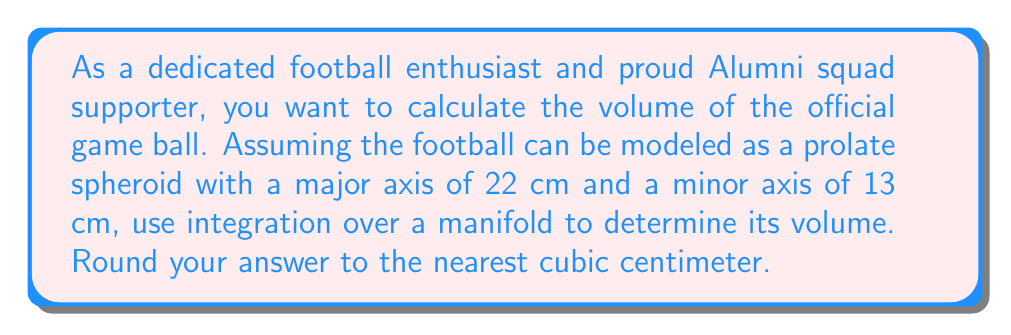Help me with this question. To calculate the volume of a football modeled as a prolate spheroid, we'll use integration over a manifold. Here's the step-by-step process:

1) A prolate spheroid is generated by rotating an ellipse around its major axis. Let's define our coordinate system such that the z-axis aligns with the major axis.

2) The equation of the ellipse in the xz-plane is:

   $$\frac{x^2}{b^2} + \frac{z^2}{a^2} = 1$$

   where $a = 11$ cm (half of the major axis) and $b = 6.5$ cm (half of the minor axis).

3) We can parameterize this surface using spherical coordinates:

   $$x = b \sin\theta \cos\phi$$
   $$y = b \sin\theta \sin\phi$$
   $$z = a \cos\theta$$

   where $0 \leq \theta \leq \pi$ and $0 \leq \phi \leq 2\pi$.

4) The volume element in spherical coordinates is:

   $$dV = r^2 \sin\theta \, d\theta \, d\phi \, dr$$

5) However, for our parameterization, $r$ is not constant. We need to find $r(\theta)$:

   $$r(\theta) = \frac{ab}{\sqrt{(b\cos\theta)^2 + (a\sin\theta)^2}}$$

6) The Jacobian determinant for our parameterization is:

   $$J = ab^2 \sin\theta$$

7) Now we can set up our volume integral:

   $$V = \int_0^{2\pi} \int_0^\pi ab^2 \sin\theta \, d\theta \, d\phi$$

8) Evaluating the integral:

   $$\begin{align*}
   V &= ab^2 \int_0^{2\pi} \int_0^\pi \sin\theta \, d\theta \, d\phi \\
   &= ab^2 \cdot 2\pi \cdot [-\cos\theta]_0^\pi \\
   &= ab^2 \cdot 2\pi \cdot 2 \\
   &= 4\pi ab^2
   \end{align*}$$

9) Substituting the values:

   $$V = 4\pi \cdot 11 \cdot (6.5)^2 = 5850.97 \text{ cm}^3$$

10) Rounding to the nearest cubic centimeter:

    $$V \approx 5851 \text{ cm}^3$$
Answer: The volume of the football is approximately 5851 cm³.

### TASK ITEM
Search the entries above for lines containing the word "where", and copy each one.

### EXERCISE RESPONSE
   where $a = 11$ cm (half of the major axis) and $b = 6.5$ cm (half of the minor axis).
   where $0 \leq \theta \leq \pi$ and $0 \leq \phi \leq 2\pi$.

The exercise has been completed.